News Release

UT Southwestern team isolates key protein in transforming excess glucose into fat

Peer-Reviewed Publication

UT Southwestern Medical Center

DALLAS - July 31, 2001 - A biochemistry team from the Department of Veterans Affairs and UT Southwestern Medical Center at Dallas has identified a glucose-sensitive protein that translates excessively high-carbohydrate intake into body fat, especially when combined with a sedentary lifestyle.

"Once upon a time, we thought hormones directed this long-term control of metabolism. Turns out, diet also plays a major role," said Dr. Kosaku "Ko" Uyeda, a UT Southwestern professor of biochemistry and research career scientist at the Dallas Veterans Affairs Medical Center.

Uyeda and his UT Southwestern colleagues reported in today's issue of the Proceedings of the National Academy of Sciences that they isolated the glucose-sensitive protein, dubbed the carbohydrate response element-binding protein (ChREBP), that triggers the long-term process of transforming excess dietary carbohydrates into fat. They used rat livers in their study, but the results are believed to reflect the human body's functions.

When people eat desserts, pasta, potatoes or other sugar- and starch-laden foods beyond the body's energy and nutritional needs, these carbohydrates become a flood of glucose, and the liver converts the surplus glucose to fat, Uyeda said.

At some point, the glucose reaches a level that signals the ChRE-binding protein to start a chain-reaction along a series of genes that, in turn, activate the synthesis of a dozen enzymes that catalyze the transformation of the excess glucose into fat to be stored in the body, he said.

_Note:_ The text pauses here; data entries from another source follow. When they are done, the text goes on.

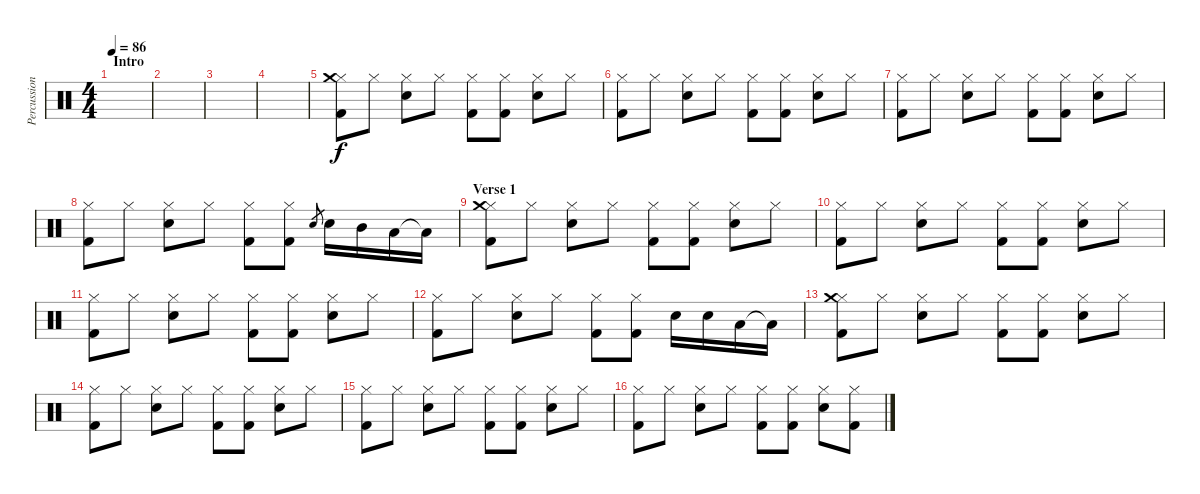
\track ("Percussion" "Percussion") {instrument percussion}
\staff {score}
\articulation defaults
\ts (4 4)
\section ("" "Intro")
\tempo 86
\clef neutral
\ks c
|
|
|
|
("Kick (hit) 2" "Hi-Hat (closed)" "Crash medium (hit)").8 "Hi-Hat (closed)".8 ("Electric Snare (hit)" "Hi-Hat (closed)").8 "Hi-Hat (closed)".8 ("Kick (hit) 2" "Hi-Hat (closed)").8 ("Kick (hit) 2" "Hi-Hat (closed)").8 ("Electric Snare (hit)" "Hi-Hat (closed)").8 "Hi-Hat (closed)".8 |
("Kick (hit) 2" "Hi-Hat (closed)").8 "Hi-Hat (closed)".8 ("Electric Snare (hit)" "Hi-Hat (closed)").8 "Hi-Hat (closed)".8 ("Kick (hit) 2" "Hi-Hat (closed)").8 ("Kick (hit) 2" "Hi-Hat (closed)").8 ("Electric Snare (hit)" "Hi-Hat (closed)").8 "Hi-Hat (closed)".8 |
("Kick (hit) 2" "Hi-Hat (closed)").8 "Hi-Hat (closed)".8 ("Electric Snare (hit)" "Hi-Hat (closed)").8 "Hi-Hat (closed)".8 ("Kick (hit) 2" "Hi-Hat (closed)").8 ("Kick (hit) 2" "Hi-Hat (closed)").8 ("Electric Snare (hit)" "Hi-Hat (closed)").8 "Hi-Hat (closed)".8 |
("Kick (hit) 2" "Hi-Hat (closed)").8 "Hi-Hat (closed)".8 ("Electric Snare (hit)" "Hi-Hat (closed)").8 "Hi-Hat (closed)".8 ("Kick (hit) 2" "Hi-Hat (closed)").8 ("Kick (hit) 2" "Hi-Hat (closed)").8 "Electric Snare (hit)".8{gr} "Electric Snare (hit)".16 "Mid Tom (hit)".16 "Low Tom (hit)".16 "Low Tom (hit)"{t}.16 |
\section ("" "Verse 1")
("Kick (hit) 2" "Hi-Hat (closed)" "Crash medium (hit)").8 "Hi-Hat (closed)".8 ("Electric Snare (hit)" "Hi-Hat (closed)").8 "Hi-Hat (closed)".8 ("Kick (hit) 2" "Hi-Hat (closed)").8 ("Kick (hit) 2" "Hi-Hat (closed)").8 ("Electric Snare (hit)" "Hi-Hat (closed)").8 "Hi-Hat (closed)".8 |
("Kick (hit) 2" "Hi-Hat (closed)").8 "Hi-Hat (closed)".8 ("Electric Snare (hit)" "Hi-Hat (closed)").8 "Hi-Hat (closed)".8 ("Kick (hit) 2" "Hi-Hat (closed)").8 ("Kick (hit) 2" "Hi-Hat (closed)").8 ("Electric Snare (hit)" "Hi-Hat (closed)").8 "Hi-Hat (closed)".8 |
("Kick (hit) 2" "Hi-Hat (closed)").8 "Hi-Hat (closed)".8 ("Electric Snare (hit)" "Hi-Hat (closed)").8 "Hi-Hat (closed)".8 ("Kick (hit) 2" "Hi-Hat (closed)").8 ("Kick (hit) 2" "Hi-Hat (closed)").8 ("Electric Snare (hit)" "Hi-Hat (closed)").8 "Hi-Hat (closed)".8 |
("Kick (hit) 2" "Hi-Hat (closed)").8 "Hi-Hat (closed)".8 ("Electric Snare (hit)" "Hi-Hat (closed)").8 "Hi-Hat (closed)".8 ("Kick (hit) 2" "Hi-Hat (closed)").8 ("Kick (hit) 2" "Hi-Hat (closed)").8 "Electric Snare (hit)".16 "Electric Snare (hit)".16 "Low Tom (hit)".16 "Low Tom (hit)"{t}.16 |
("Kick (hit) 2" "Hi-Hat (closed)" "Crash medium (hit)").8 "Hi-Hat (closed)".8 ("Electric Snare (hit)" "Hi-Hat (closed)").8 "Hi-Hat (closed)".8 ("Kick (hit) 2" "Hi-Hat (closed)").8 ("Kick (hit) 2" "Hi-Hat (closed)").8 ("Electric Snare (hit)" "Hi-Hat (closed)").8 "Hi-Hat (closed)".8 |
("Kick (hit) 2" "Hi-Hat (closed)").8 "Hi-Hat (closed)".8 ("Electric Snare (hit)" "Hi-Hat (closed)").8 "Hi-Hat (closed)".8 ("Kick (hit) 2" "Hi-Hat (closed)").8 ("Kick (hit) 2" "Hi-Hat (closed)").8 ("Electric Snare (hit)" "Hi-Hat (closed)").8 "Hi-Hat (closed)".8 |
("Kick (hit) 2" "Hi-Hat (closed)").8 "Hi-Hat (closed)".8 ("Electric Snare (hit)" "Hi-Hat (closed)").8 "Hi-Hat (closed)".8 ("Kick (hit) 2" "Hi-Hat (closed)").8 ("Kick (hit) 2" "Hi-Hat (closed)").8 ("Electric Snare (hit)" "Hi-Hat (closed)").8 "Hi-Hat (closed)".8 |
("Kick (hit) 2" "Hi-Hat (closed)").8 "Hi-Hat (closed)".8 ("Electric Snare (hit)" "Hi-Hat (closed)").8 "Hi-Hat (closed)".8 ("Kick (hit) 2" "Hi-Hat (closed)").8 ("Kick (hit) 2" "Hi-Hat (closed)").8 ("Electric Snare (hit)" "Hi-Hat (closed)").8 ("Kick (hit) 2" "Hi-Hat (closed)").8
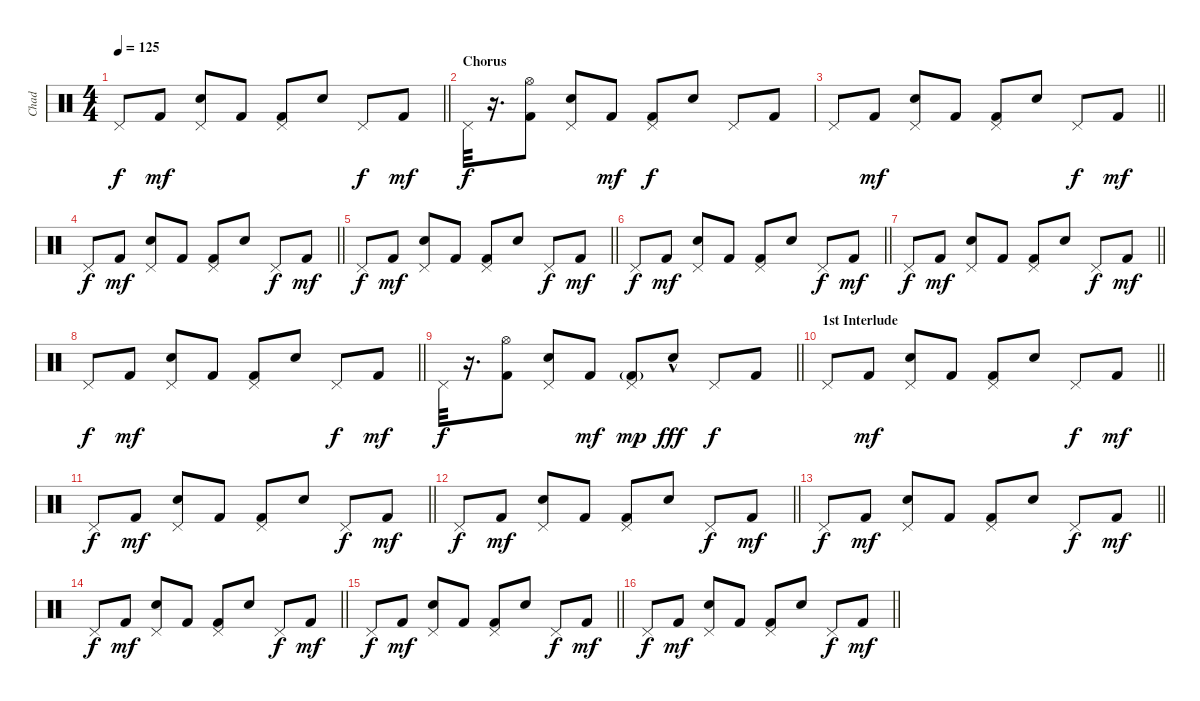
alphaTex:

\track ("Chad" "Chad") {instrument percussion}
\staff {score}
\articulation defaults
\ts (4 4)
\tempo 125
\clef neutral
\barLineRight lightlight
\ks c "Pedal Hi-Hat (hit)".8{dy f} "Kick (hit) 2".8{dy mf}
("Electric Snare (hit)" "Pedal Hi-Hat (hit)").8 "Kick (hit) 2".8 ("Kick (hit) 2" "Pedal Hi-Hat (hit)").8 "Electric Snare (hit)".8 "Pedal Hi-Hat (hit)".8{dy f} "Kick (hit) 2".8{dy mf} |
\section ("" "Chorus")
"Pedal Hi-Hat (hit)".32{dy f} r.16{d} ("Kick (hit) 2" "Hi-Hat (open)").8 ("Electric Snare (hit)" "Pedal Hi-Hat (hit)").8 "Kick (hit) 2".8{dy mf} ("Kick (hit) 2" "Pedal Hi-Hat (hit)").8{dy f} "Electric Snare (hit)".8 "Pedal Hi-Hat (hit)".8 "Kick (hit) 2".8 |
\barLineRight lightlight "Pedal Hi-Hat (hit)".8 "Kick (hit) 2".8{dy mf}
("Electric Snare (hit)" "Pedal Hi-Hat (hit)").8 "Kick (hit) 2".8 ("Kick (hit) 2" "Pedal Hi-Hat (hit)").8 "Electric Snare (hit)".8 "Pedal Hi-Hat (hit)".8{dy f} "Kick (hit) 2".8{dy mf} |
\barLineRight lightlight "Pedal Hi-Hat (hit)".8{dy f} "Kick (hit) 2".8{dy mf}
("Electric Snare (hit)" "Pedal Hi-Hat (hit)").8 "Kick (hit) 2".8 ("Kick (hit) 2" "Pedal Hi-Hat (hit)").8 "Electric Snare (hit)".8 "Pedal Hi-Hat (hit)".8{dy f} "Kick (hit) 2".8{dy mf} |
\barLineRight lightlight "Pedal Hi-Hat (hit)".8{dy f} "Kick (hit) 2".8{dy mf}
("Electric Snare (hit)" "Pedal Hi-Hat (hit)").8 "Kick (hit) 2".8 ("Kick (hit) 2" "Pedal Hi-Hat (hit)").8 "Electric Snare (hit)".8 "Pedal Hi-Hat (hit)".8{dy f} "Kick (hit) 2".8{dy mf} |
\barLineRight lightlight "Pedal Hi-Hat (hit)".8{dy f} "Kick (hit) 2".8{dy mf}
("Electric Snare (hit)" "Pedal Hi-Hat (hit)").8 "Kick (hit) 2".8 ("Kick (hit) 2" "Pedal Hi-Hat (hit)").8 "Electric Snare (hit)".8 "Pedal Hi-Hat (hit)".8{dy f} "Kick (hit) 2".8{dy mf} |
\barLineRight lightlight "Pedal Hi-Hat (hit)".8{dy f} "Kick (hit) 2".8{dy mf}
("Electric Snare (hit)" "Pedal Hi-Hat (hit)").8 "Kick (hit) 2".8 ("Kick (hit) 2" "Pedal Hi-Hat (hit)").8 "Electric Snare (hit)".8 "Pedal Hi-Hat (hit)".8{dy f} "Kick (hit) 2".8{dy mf} |
\barLineRight lightlight "Pedal Hi-Hat (hit)".8{dy f} "Kick (hit) 2".8{dy mf}
("Electric Snare (hit)" "Pedal Hi-Hat (hit)").8 "Kick (hit) 2".8 ("Kick (hit) 2" "Pedal Hi-Hat (hit)").8 "Electric Snare (hit)".8 "Pedal Hi-Hat (hit)".8{dy f} "Kick (hit) 2".8{dy mf} |
\barLineRight lightlight "Pedal Hi-Hat (hit)".32{dy f}
r.16{d} ("Kick (hit) 2" "Hi-Hat (open)").8 ("Electric Snare (hit)" "Pedal Hi-Hat (hit)").8 "Kick (hit) 2".8{dy mf} ("Kick (hit) 2"{g} "Pedal Hi-Hat (hit)").8{dy mp} "Electric Snare (hit)"{hac}.8{dy fff} "Pedal Hi-Hat (hit)".8{dy f} "Kick (hit) 2".8 |
\section ("" "1st Interlude")
\barLineRight lightlight "Pedal Hi-Hat (hit)".8 "Kick (hit) 2".8{dy mf}
("Electric Snare (hit)" "Pedal Hi-Hat (hit)").8 "Kick (hit) 2".8 ("Kick (hit) 2" "Pedal Hi-Hat (hit)").8 "Electric Snare (hit)".8 "Pedal Hi-Hat (hit)".8{dy f} "Kick (hit) 2".8{dy mf} |
\barLineRight lightlight "Pedal Hi-Hat (hit)".8{dy f} "Kick (hit) 2".8{dy mf}
("Electric Snare (hit)" "Pedal Hi-Hat (hit)").8 "Kick (hit) 2".8 ("Kick (hit) 2" "Pedal Hi-Hat (hit)").8 "Electric Snare (hit)".8 "Pedal Hi-Hat (hit)".8{dy f} "Kick (hit) 2".8{dy mf} |
\barLineRight lightlight "Pedal Hi-Hat (hit)".8{dy f} "Kick (hit) 2".8{dy mf}
("Electric Snare (hit)" "Pedal Hi-Hat (hit)").8 "Kick (hit) 2".8 ("Kick (hit) 2" "Pedal Hi-Hat (hit)").8 "Electric Snare (hit)".8 "Pedal Hi-Hat (hit)".8{dy f} "Kick (hit) 2".8{dy mf} |
\barLineRight lightlight "Pedal Hi-Hat (hit)".8{dy f} "Kick (hit) 2".8{dy mf}
("Electric Snare (hit)" "Pedal Hi-Hat (hit)").8 "Kick (hit) 2".8 ("Kick (hit) 2" "Pedal Hi-Hat (hit)").8 "Electric Snare (hit)".8 "Pedal Hi-Hat (hit)".8{dy f} "Kick (hit) 2".8{dy mf} |
\barLineRight lightlight "Pedal Hi-Hat (hit)".8{dy f} "Kick (hit) 2".8{dy mf}
("Electric Snare (hit)" "Pedal Hi-Hat (hit)").8 "Kick (hit) 2".8 ("Kick (hit) 2" "Pedal Hi-Hat (hit)").8 "Electric Snare (hit)".8 "Pedal Hi-Hat (hit)".8{dy f} "Kick (hit) 2".8{dy mf} |
\barLineRight lightlight "Pedal Hi-Hat (hit)".8{dy f} "Kick (hit) 2".8{dy mf}
("Electric Snare (hit)" "Pedal Hi-Hat (hit)").8 "Kick (hit) 2".8 ("Kick (hit) 2" "Pedal Hi-Hat (hit)").8 "Electric Snare (hit)".8 "Pedal Hi-Hat (hit)".8{dy f} "Kick (hit) 2".8{dy mf} |
\barLineRight lightlight "Pedal Hi-Hat (hit)".8{dy f} "Kick (hit) 2".8{dy mf}
("Electric Snare (hit)" "Pedal Hi-Hat (hit)").8 "Kick (hit) 2".8 ("Kick (hit) 2" "Pedal Hi-Hat (hit)").8 "Electric Snare (hit)".8 "Pedal Hi-Hat (hit)".8{dy f} "Kick (hit) 2".8{dy mf}
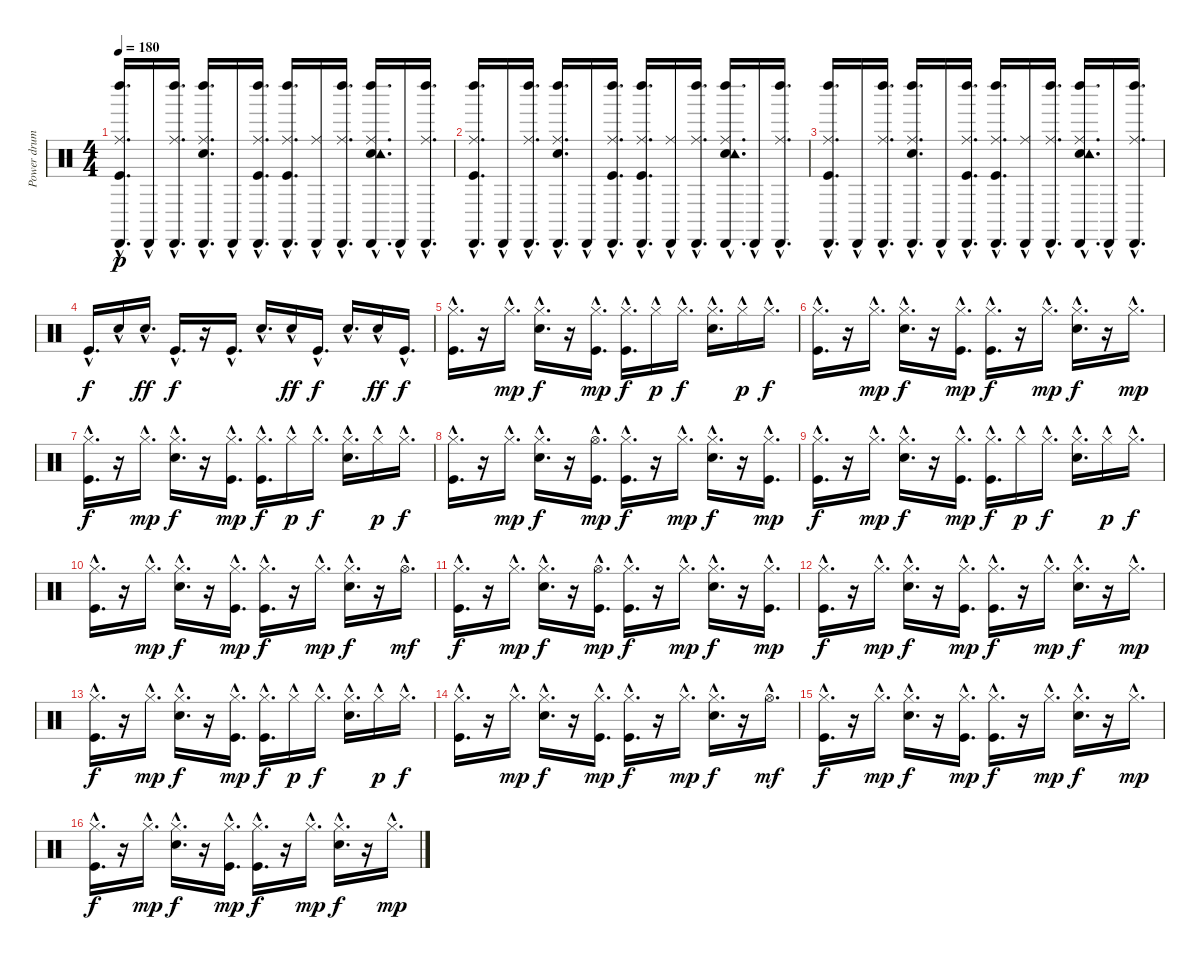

"Eventually, from this line of ongoing research, it should be feasible to design a drug that will inhibit the protein's response to excess glucose and may enable us to eat all the carbohydrates we want, without getting fat," Uyeda said. "The drug would be able to slow the conversion of carbohydrates to fat, perhaps matching the body's needs. Hopefully, the body would be able to excrete or burn the excess glucose."

Identifying the protein itself was a breakthrough, but Uyeda said the lab work also revealed how this protein factor binds to a specific gene's DNA and how hormones and glucose control the gene's biological activity.

"Several proteins bind to the glucose-response site in the DNA. However, all but one appear to have no direct response to glucose," he said. "The newly identified protein appears to be the main factor. It may be the universal factor in activating other genes to respond to the glucose signal."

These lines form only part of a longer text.